PrintWriter和PrintStream的实现方式以及API几乎完全一致,除了不会自动检测换行符并刷新。关于两者的黑历史参考:
当与远程URL的连接建立后并不会马上发送请求,而是等到需要获取响应时。我们以获取全部响应头为例,sun.net.www.protocol.http.HttpURLConnection.getHeaderFields:
@Override
public Map<String, List<String>> getHeaderFields() {
try {
getInputStream();
} catch (IOException e) {}
return getFilteredHeaderFields();
}
getInputStream方法调用了写请求writeRequests方法。最终实现位于HttpClient.writeRequests:
public void writeRequests(MessageHeader head,PosterOutputStream pos) {
requests = head;
requests.print(serverOutput);
serverOutput.flush();
}
MessageHeader.print:
public synchronized void print(PrintStream p) {
for (int i = 0; i < nkeys; i++)
if (keys[i] != null) {
p.print(keys[i] +
(values[i] != null ? ": "+values[i]: "") + "\r\n");
}
p.print("\r\n");
p.flush();
}
一目了然。
其实就是获得输入流逐行解析的过程,不再向下展开。
触发DNS解析的时机是HttpClient的New方法,默认的实现是Inet4AddressImpl的lookupAllHostAddr方法:
public native InetAddress[]
lookupAllHostAddr(String hostname) throws UnknownHostException;
native实现其实调用的是Linux的getaddrinfo系统调用,当然JDK在java层面也有对解析结果的缓存。
如何查看Linux的DNS服务器地址呢?
-
配置文件
cat /etc/resolv.conf
结果如下:
nameserver 10.0.0.2
-
nslookup:
nslookup baidu.com
结果:
Server: 10.0.0.2 Address: 10.0.0.2#53 Non-authoritative answer: Name: baidu.com Address: 220.181.57.216 Name: baidu.com Address: 123.125.115.110
所以DNS便是10.0.0.2
在创建连接时,源码位于sun.net.www.http.New方法,省略版本:
public static HttpClient New(URL url, Proxy p, int to, boolean useCache,
HttpURLConnection httpuc) throws IOException {
HttpClient ret = null;
/* see if one's already around */
if (useCache) {
ret = kac.get(url, null);
}
// ...
}
kac是connection的缓存,定义在HttpClient类中:
/* where we cache currently open, persistent connections */
protected static KeepAliveCache kac = new KeepAliveCache();
KeepAliveCache的定义如下:
/**
* A class that implements a cache of idle Http connections for keep-alive
*
* @author Stephen R. Pietrowicz (NCSA)
* @author Dave Brown
*/
public class KeepAliveCache
extends HashMap<KeepAliveKey, ClientVector>
implements Runnable {
static final int MAX_CONNECTIONS = 5;
static int result = -1;
static int getMaxConnections() {
if (result == -1) {
result = AccessController.doPrivileged(
new GetIntegerAction("http.maxConnections", MAX_CONNECTIONS))
.intValue();
if (result <= 0) {
result = MAX_CONNECTIONS;
}
}
return result;
}
}
getMaxConnections
指的是能够缓存的最大的连接数,如果不指定,默认是5. 那么缓存的链接的有效期是多少呢?
在KeepAliveCache内有一个静态变量:
static final int LIFETIME = 5000;
这个是过期检查线程运行的时间间隔(毫秒)。
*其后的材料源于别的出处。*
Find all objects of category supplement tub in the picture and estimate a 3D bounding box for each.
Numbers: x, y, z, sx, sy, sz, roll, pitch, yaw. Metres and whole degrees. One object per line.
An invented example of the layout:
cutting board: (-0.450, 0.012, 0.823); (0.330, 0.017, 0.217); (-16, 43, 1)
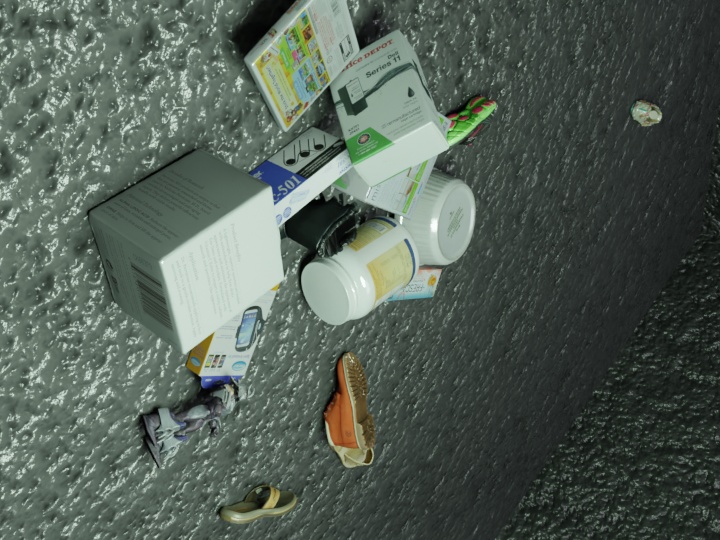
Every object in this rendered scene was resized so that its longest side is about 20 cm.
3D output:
supplement tub: (0.000, 0.000, 1.560); (0.199, 0.143, 0.147); (-32, 137, -39)

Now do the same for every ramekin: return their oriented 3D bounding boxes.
ramekin: (0.158, -0.105, 1.731); (0.201, 0.093, 0.207); (-23, 118, -49)

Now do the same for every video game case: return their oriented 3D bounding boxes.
video game case: (-0.081, -0.322, 1.258); (0.183, 0.023, 0.200); (-49, 162, -8)

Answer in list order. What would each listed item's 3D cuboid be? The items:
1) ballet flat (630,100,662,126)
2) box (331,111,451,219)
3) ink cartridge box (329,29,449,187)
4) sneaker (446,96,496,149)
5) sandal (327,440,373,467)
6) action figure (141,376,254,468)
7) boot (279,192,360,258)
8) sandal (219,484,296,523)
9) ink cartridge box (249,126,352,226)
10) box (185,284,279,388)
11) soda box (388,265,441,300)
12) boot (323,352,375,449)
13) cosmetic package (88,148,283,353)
ballet flat: (0.882, -0.474, 2.586); (0.198, 0.063, 0.077); (-8, 118, -54)
box: (0.058, -0.214, 1.537); (0.175, 0.096, 0.203); (12, 103, -57)
ink cartridge box: (0.039, -0.259, 1.346); (0.145, 0.203, 0.083); (-26, 149, 16)
sneaker: (0.218, -0.286, 1.740); (0.199, 0.076, 0.085); (-36, 135, -36)
sandal: (-0.005, 0.414, 1.915); (0.078, 0.069, 0.212); (-55, 147, -12)
action figure: (-0.260, 0.240, 1.400); (0.198, 0.070, 0.131); (-25, 151, -28)
boot: (-0.107, -0.061, 1.343); (0.198, 0.161, 0.074); (-41, 141, -31)
sandal: (-0.197, 0.455, 1.676); (0.198, 0.079, 0.055); (5, 87, -52)
ink cartridge box: (-0.107, -0.149, 1.346); (0.200, 0.093, 0.045); (-42, 143, -30)
box: (-0.216, 0.098, 1.416); (0.118, 0.041, 0.203); (10, 106, -57)
soda box: (0.090, 0.018, 1.779); (0.198, 0.063, 0.070); (-1, 113, -54)
boot: (-0.038, 0.274, 1.767); (0.075, 0.105, 0.205); (-12, 95, -62)
cosmetic package: (-0.234, -0.032, 1.176); (0.199, 0.163, 0.167); (-37, 140, -34)

此线程初始化:
AccessController.doPrivileged(new PrivilegedAction<>() {
public Void run() {
keepAliveTimer = InnocuousThread.newSystemThread("Keep-Alive-Timer", cache);
keepAliveTimer.setDaemon(true);
keepAliveTimer.setPriority(Thread.MAX_PRIORITY - 2);
keepAliveTimer.start();
return null;
}
});
运行的核心逻辑:
@Override
public void run() {
do {
try {
Thread.sleep(LIFETIME);
} catch (InterruptedException e) {}
// Remove all outdated HttpClients.
synchronized (this) {
long currentTime = System.currentTimeMillis();
List<KeepAliveKey> keysToRemove = new ArrayList<>();
for (KeepAliveKey key : keySet()) {
ClientVector v = get(key);
synchronized (v) {
KeepAliveEntry e = v.peek();
while (e != null) {
if ((currentTime - e.idleStartTime) > v.nap) {
v.poll();
e.hc.closeServer();
} else {
break;
}
e = v.peek();
}
if (v.isEmpty()) {
keysToRemove.add(key);
}
}
}
for (KeepAliveKey key : keysToRemove) {
removeVector(key);
}
}
} while (!isEmpty());
}
一个缓存的连接的有效期在KeepAliveCache.put时确定:
/**
* Register this URL and HttpClient (that supports keep-alive) with the cache
* @param url The URL contains info about the host and port
* @param http The HttpClient to be cached
*/
public synchronized void put(final URL url, Object obj, HttpClient http) {
if (v == null) {
int keepAliveTimeout = http.getKeepAliveTimeout();
v = new ClientVector(keepAliveTimeout > 0 ?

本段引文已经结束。